Dans le petit village d’Estibeaux, Yoann Lang et Franck Lutic, deux amis, vont planter une forêt comestible et maraîchère sur 7 hectares. L’idée : instaurer un équilibre entre les espèces pour une production quasi-autonome.

Le 01/04/2021 par Sofia Colla
Forêt de Higas
La Forêt de Higas fera plus de 7 hectares et sera pour le moment la troisième plus grande d’Europe. (Crédit : Forêt de Higas)
La Forêt de Higas fera plus de 7 hectares et sera pour le moment la troisième plus grande d’Europe. (Crédit : Forêt de Higas)

Faire pousser une forêt où tout se mange et où les espèces se complètent et s’entraident. Non il ne s’agit pas d’un conte pour enfant mais bien d’un projet réel, lancé par Yoann Lang dans le village d’Estibeaux, à une vingtaine de kilomètres au sud de Dax. 

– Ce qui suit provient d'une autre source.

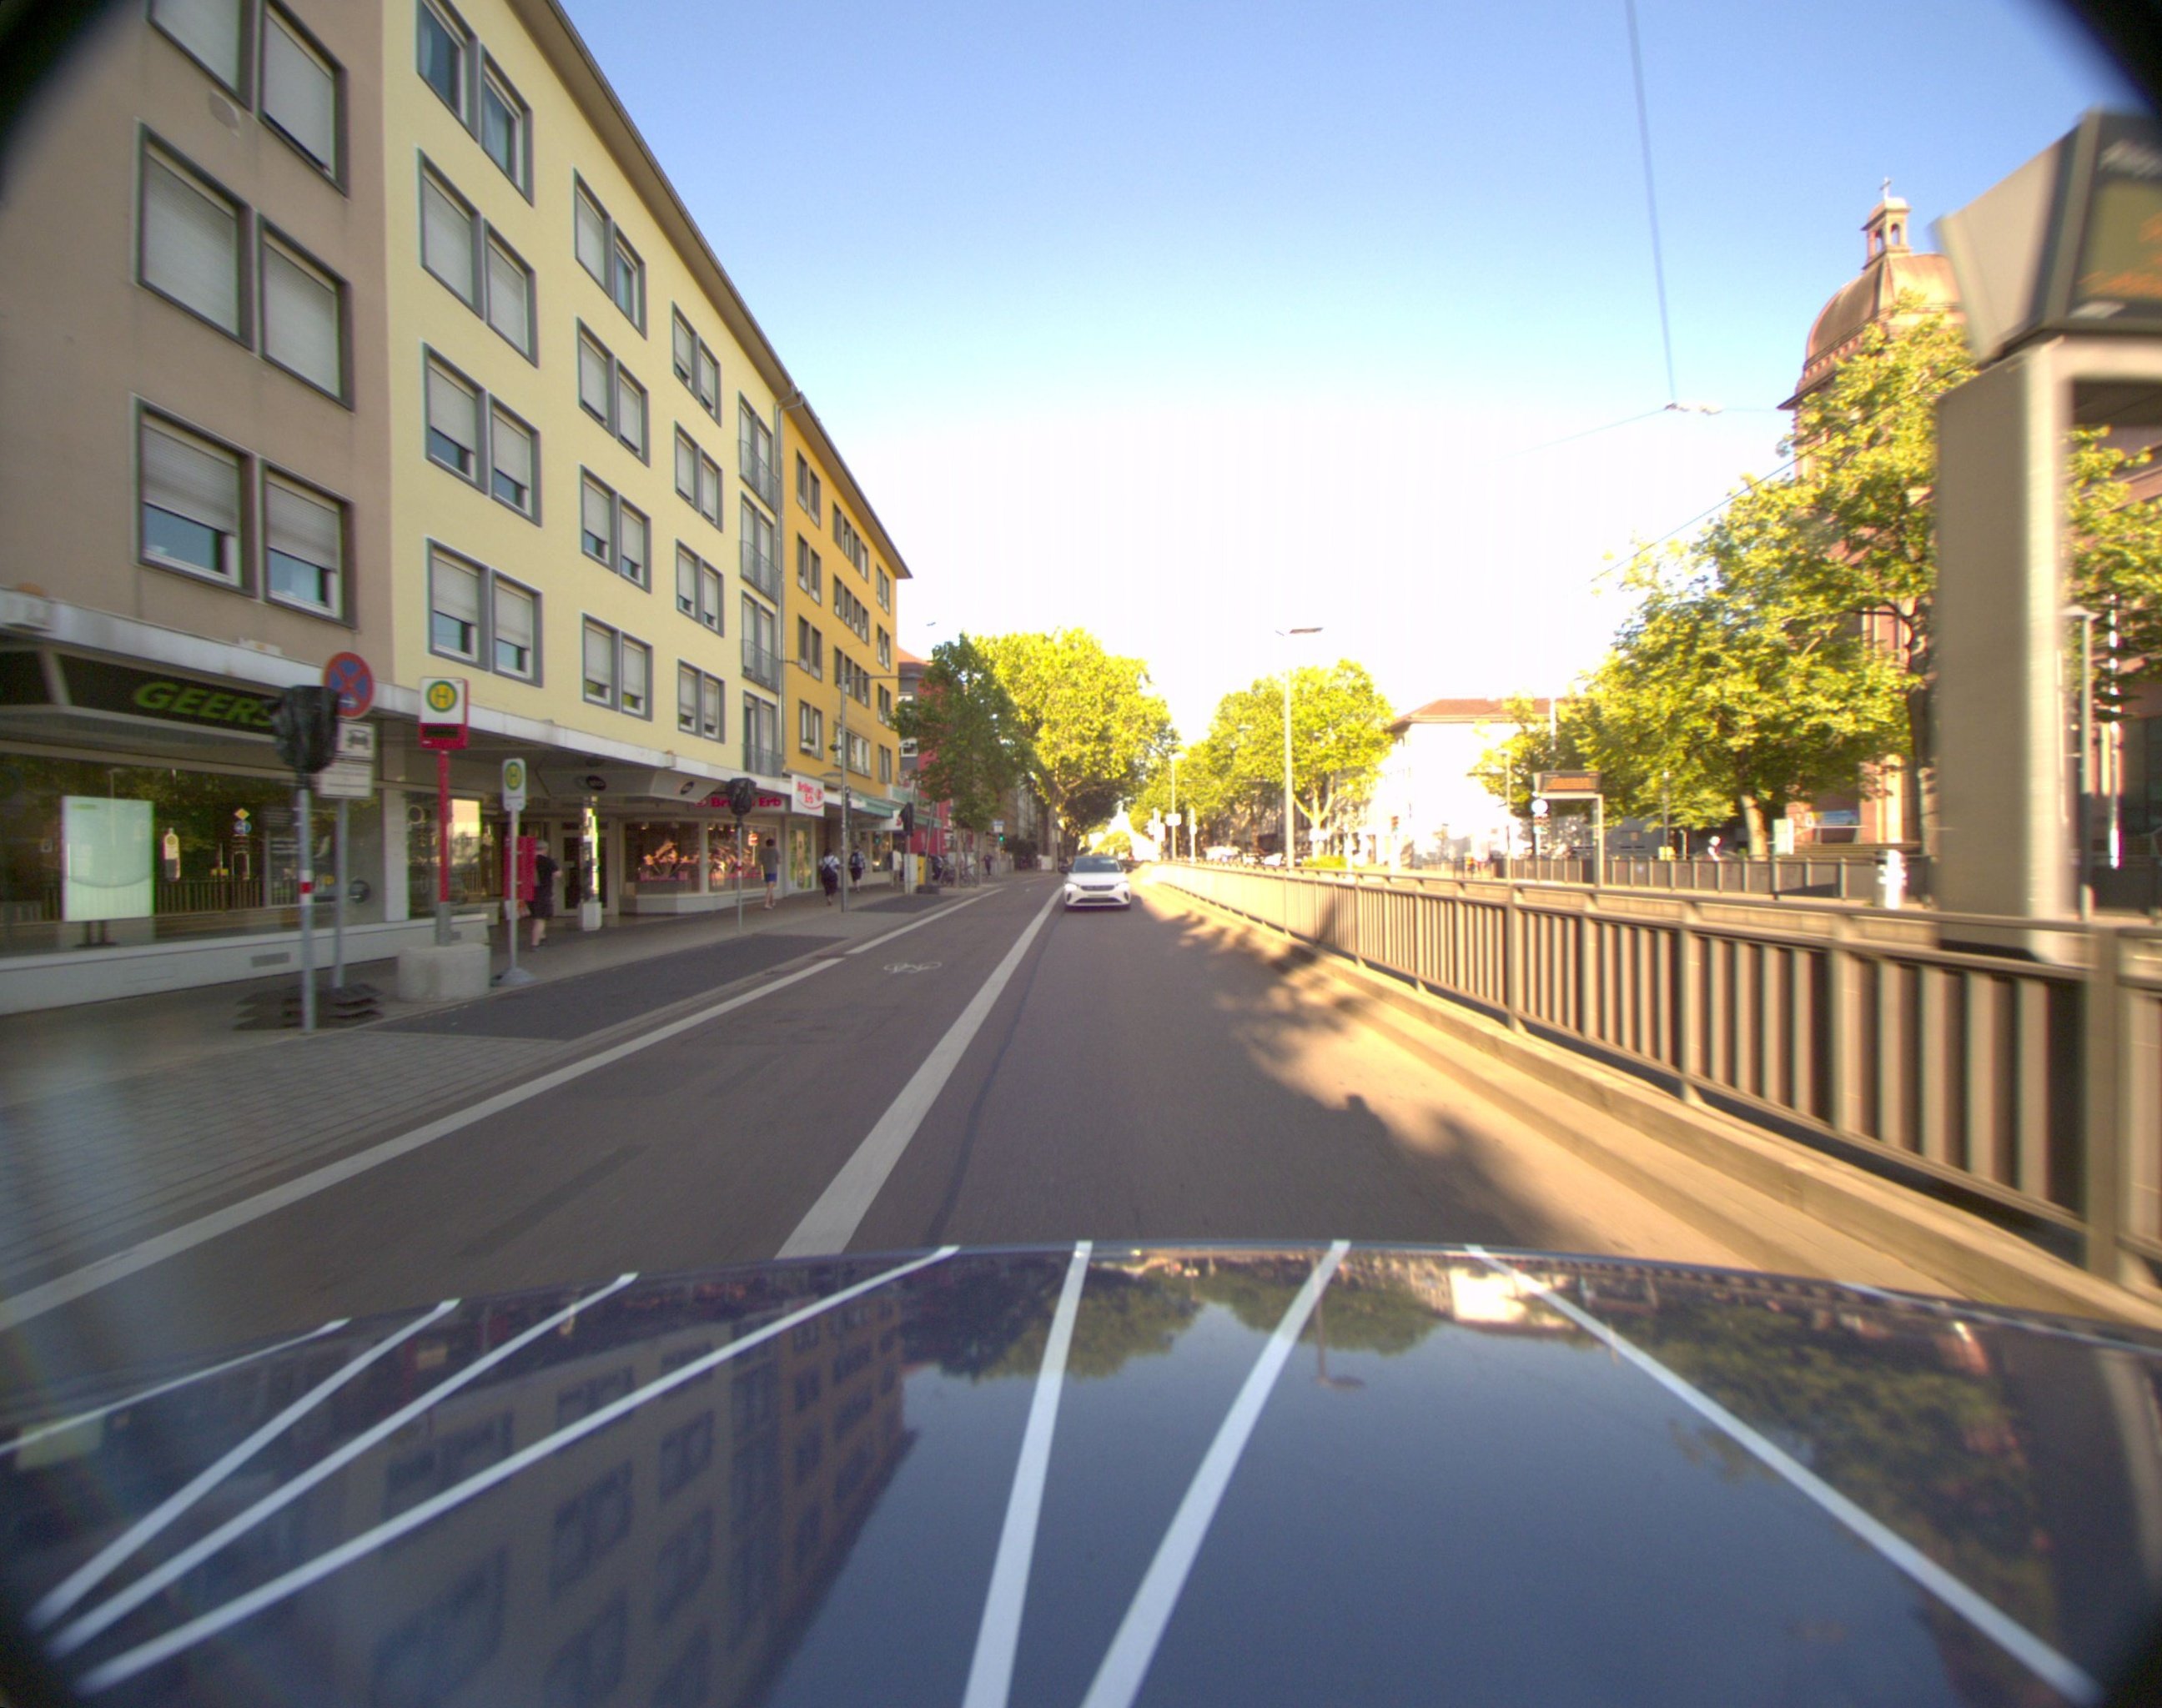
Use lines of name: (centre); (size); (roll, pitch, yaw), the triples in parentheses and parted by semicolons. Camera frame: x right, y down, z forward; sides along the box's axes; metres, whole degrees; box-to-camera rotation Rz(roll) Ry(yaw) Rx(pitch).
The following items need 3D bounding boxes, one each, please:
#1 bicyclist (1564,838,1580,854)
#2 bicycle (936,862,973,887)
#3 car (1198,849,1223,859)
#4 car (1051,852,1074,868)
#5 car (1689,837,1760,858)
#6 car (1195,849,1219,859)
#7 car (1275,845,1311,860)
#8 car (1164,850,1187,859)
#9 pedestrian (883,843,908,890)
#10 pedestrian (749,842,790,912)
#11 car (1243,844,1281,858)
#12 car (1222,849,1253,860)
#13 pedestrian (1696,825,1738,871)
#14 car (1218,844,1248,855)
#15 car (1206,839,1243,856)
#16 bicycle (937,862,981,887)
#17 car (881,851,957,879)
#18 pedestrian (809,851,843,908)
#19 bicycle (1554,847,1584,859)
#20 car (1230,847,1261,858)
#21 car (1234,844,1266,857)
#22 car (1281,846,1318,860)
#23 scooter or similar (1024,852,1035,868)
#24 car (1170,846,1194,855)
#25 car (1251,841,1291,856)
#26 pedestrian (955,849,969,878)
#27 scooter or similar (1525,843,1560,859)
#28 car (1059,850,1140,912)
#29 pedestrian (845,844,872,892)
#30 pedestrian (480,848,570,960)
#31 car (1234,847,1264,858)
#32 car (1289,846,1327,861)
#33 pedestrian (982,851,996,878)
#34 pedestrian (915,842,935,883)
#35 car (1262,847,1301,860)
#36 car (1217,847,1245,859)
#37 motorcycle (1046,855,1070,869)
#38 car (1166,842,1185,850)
bicyclist: (39.986, -0.655, 61.880); (0.968, 1.323, 0.633); (-1, 1, 2)
bicycle: (-5.366, 0.868, 32.372); (1.486, 1.002, 0.454); (-1, 1, -2)
car: (23.174, -0.019, 135.724); (4.005, 1.805, 1.996); (-1, 0, -26)
car: (-1.674, 0.552, 69.887); (1.802, 1.393, 4.370); (1, 0, 1)
car: (46.186, -0.435, 54.646); (1.815, 1.390, 4.001); (-1, -1, 1)
car: (23.038, -0.023, 138.998); (4.005, 1.805, 1.996); (-1, 0, -26)
car: (22.851, -0.181, 81.835); (3.979, 1.495, 1.827); (-1, 0, -42)
car: (18.627, 0.066, 149.354); (4.005, 1.696, 1.996); (-1, 0, -26)
pedestrian: (-7.032, 0.476, 28.902); (0.725, 1.769, 0.766); (-1, 1, 1)
pedestrian: (-8.341, 0.605, 20.363); (0.725, 1.829, 0.766); (-1, 1, 1)
car: (22.107, -0.372, 92.655); (4.259, 1.548, 1.641); (-1, 0, -14)
car: (22.919, 0.042, 111.121); (4.003, 1.509, 1.997); (-1, 0, -19)
pedestrian: (24.613, -0.226, 29.432); (0.921, 1.750, 0.832); (-1, 2, 3)
car: (22.841, -0.677, 114.237); (4.005, 1.608, 1.996); (-1, 1, -26)
car: (23.364, -0.999, 123.571); (5.619, 2.684, 2.176); (-1, 1, -23)
bicycle: (-5.276, 0.881, 32.967); (1.803, 1.002, 0.541); (1, 1, -2)
car: (-10.188, 0.694, 48.073); (4.352, 1.677, 1.772); (-1, 1, 0)
pedestrian: (-7.159, 0.699, 21.381); (0.612, 1.569, 0.851); (-1, 1, 2)
bicycle: (39.747, -0.057, 61.878); (1.987, 0.974, 0.633); (-1, 1, 2)
car: (23.191, -0.230, 106.918); (4.265, 1.449, 1.902); (-1, 0, -35)
car: (22.229, -0.485, 99.600); (4.266, 1.605, 1.902); (-2, 1, -41)
car: (22.646, -0.103, 78.749); (3.979, 1.424, 1.738); (-1, -1, -42)
scooter or similar: (-4.641, 0.512, 68.642); (0.666, 1.461, 2.545); (-1, 0, 1)
car: (19.948, -0.644, 150.089); (4.234, 1.696, 1.999); (-1, 0, -3)
car: (21.960, -0.649, 87.692); (4.265, 1.674, 2.147); (-1, 0, -34)
pedestrian: (-7.442, 0.575, 47.527); (0.745, 1.770, 0.894); (-1, 2, 1)
scooter or similar: (33.466, -0.217, 55.133); (1.096, 1.120, 2.448); (-1, 1, 1)
car: (0.440, 0.634, 19.963); (1.865, 1.394, 3.932); (-2, 0, 0)
pedestrian: (-8.047, 0.509, 27.543); (0.725, 1.713, 0.766); (-1, 1, 1)
pedestrian: (-8.324, 0.726, 11.407); (0.725, 1.623, 0.766); (-1, 1, 1)
car: (22.916, -0.161, 103.644); (4.265, 1.451, 1.598); (-1, 0, -35)
car: (22.458, -0.057, 75.250); (3.979, 1.423, 1.767); (-1, 0, -42)
pedestrian: (-5.910, 0.646, 48.982); (0.728, 1.701, 0.816); (2, 1, 1)
pedestrian: (-6.963, 0.382, 33.918); (0.725, 1.796, 0.766); (-1, 1, 1)
car: (22.317, -0.083, 84.454); (4.266, 1.369, 2.147); (-1, 0, -39)
car: (23.784, -0.204, 120.474); (4.006, 1.805, 1.995); (1, 1, -26)
motorcycle: (-1.903, 0.682, 62.462); (1.895, 1.104, 0.783); (2, -1, -42)
car: (24.250, -2.088, 195.782); (4.951, 2.200, 2.096); (-1, 1, -41)

Baptisée Forêt de Higas, cette forêt comestible et maraîchère s’étendra sur 7 hectares, ce qui en fait à ce jour la troisième plus grande d’Europe. 

“Le but avec ce projet était vraiment de répondre aux enjeux actuels et à venir : le réchauffement climatique, mais aussi la pollution des sols, l’érosion, tout en recréant de l’emploi dans les milieux ruraux”, raconte le fondateur.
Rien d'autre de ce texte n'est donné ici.